# Archaea Lights & shipping / nano lighting



## Eboeagles (20 Jul 2011)

Right so I have the Archaea LED light fixture 17cm (clamp-on) which I love the look of etc and Im very happy with it in an aesthetic sense, however due to it being on my Dennerle 20l I'm not sure it's enough light - the Dennerle is 30cm deep.










From all the searching I've done I just haven't seen anything that I feel is as good for a nano, obviously an ADA Solar would be my first choice but the price is just ridiculous!!! I really don't want to go for the standard Arcadia ArcPod / Dennerle type clip on. I'm not adverse to an overhead luminaire If anyone knows of a decent one that is no more than 30cm or can suggest anything else...
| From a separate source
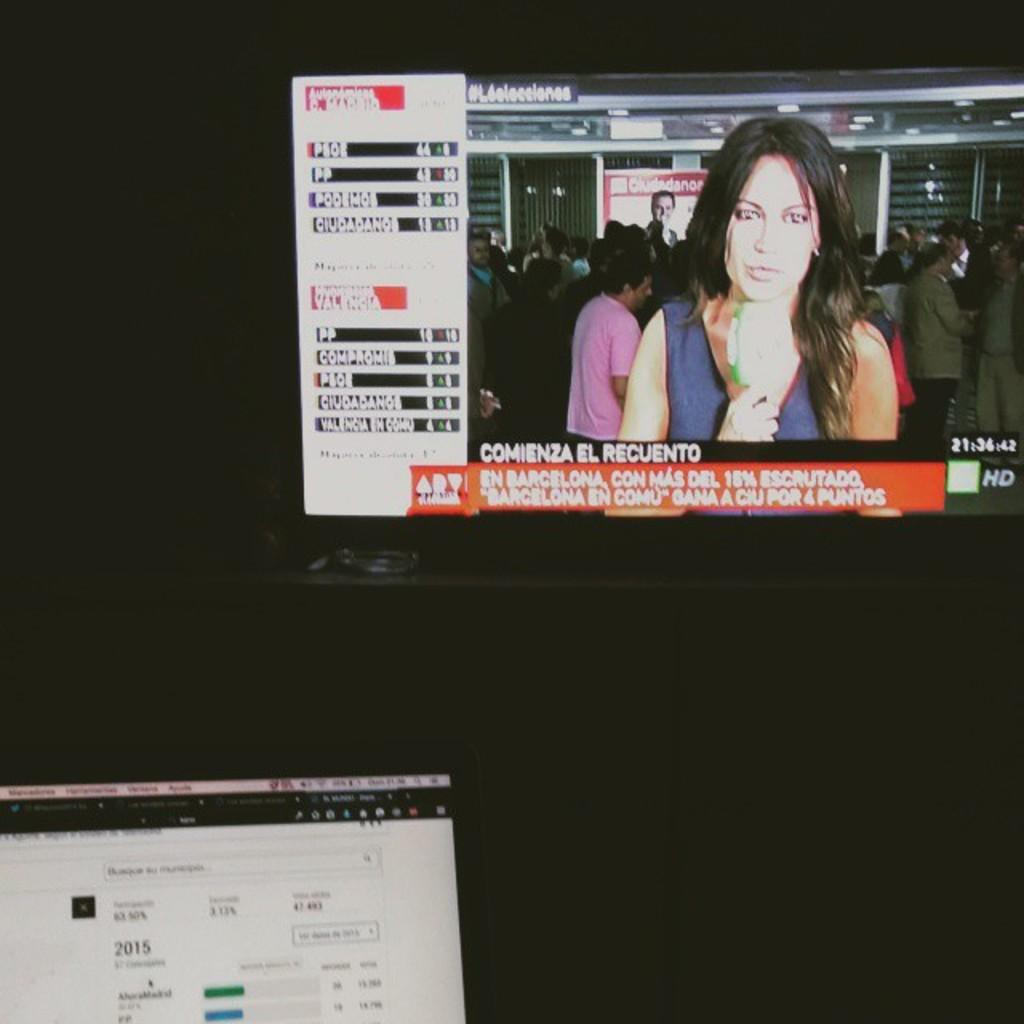How many screens are visible in the image? There are two screens in the image. What can be observed about the background of the image? The background is dark. What is happening on the right screen? There is a woman speaking on the right screen. What type of coal is being transported by the ship in the image? There is no ship or coal present in the image; it only features two screens and a woman speaking. 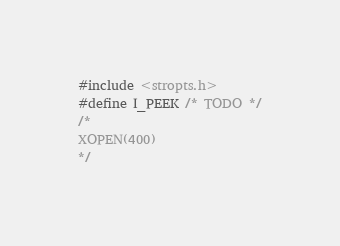Convert code to text. <code><loc_0><loc_0><loc_500><loc_500><_C_>#include <stropts.h>
#define I_PEEK /* TODO */
/*
XOPEN(400)
*/</code>

So back to the point! I'm considering shipping another light from Aqua Forest Aquarium, either the 30cm one of what I already have or one of these:

http://www.adana-usa.com/index.php?main ... cts_id=450

I've mailed them to ask what they suggest, although I'm leaning towards the above (27w power compact).

The shipping on my last unit was $32 doubling the price of my light - If I can share this cost with someone I'll be a happy chappy! So if anyone is interested in anything they sell, let me know and we can talk about combining the shipping. I'm in London, but obviously the UK postage would be pretty minimal.

Phil


----------



## GHNelson (21 Jul 2011)

Hi
I might be stupid but are not the electrical supplies different over the pond in the good ole USA?
Or do leds work differently? As you've guessed I'm no electrician  
hoggie


----------



## GHNelson (21 Jul 2011)

:arrow: http://www.adana-usa.com/index.php?main ... cts_id=494
Just scrolled down the page to the specs....AC.120 to 240 volts.
So that's cleared up.  
hoggie


----------



## Eboeagles (21 Jul 2011)

I use a step down transformer plug as well to be safe...


----------



## GHNelson (21 Jul 2011)

Eboeagles said:
			
		

> I use a step down transformer plug as well to be safe...


Thanks for the reply.
hoggie


----------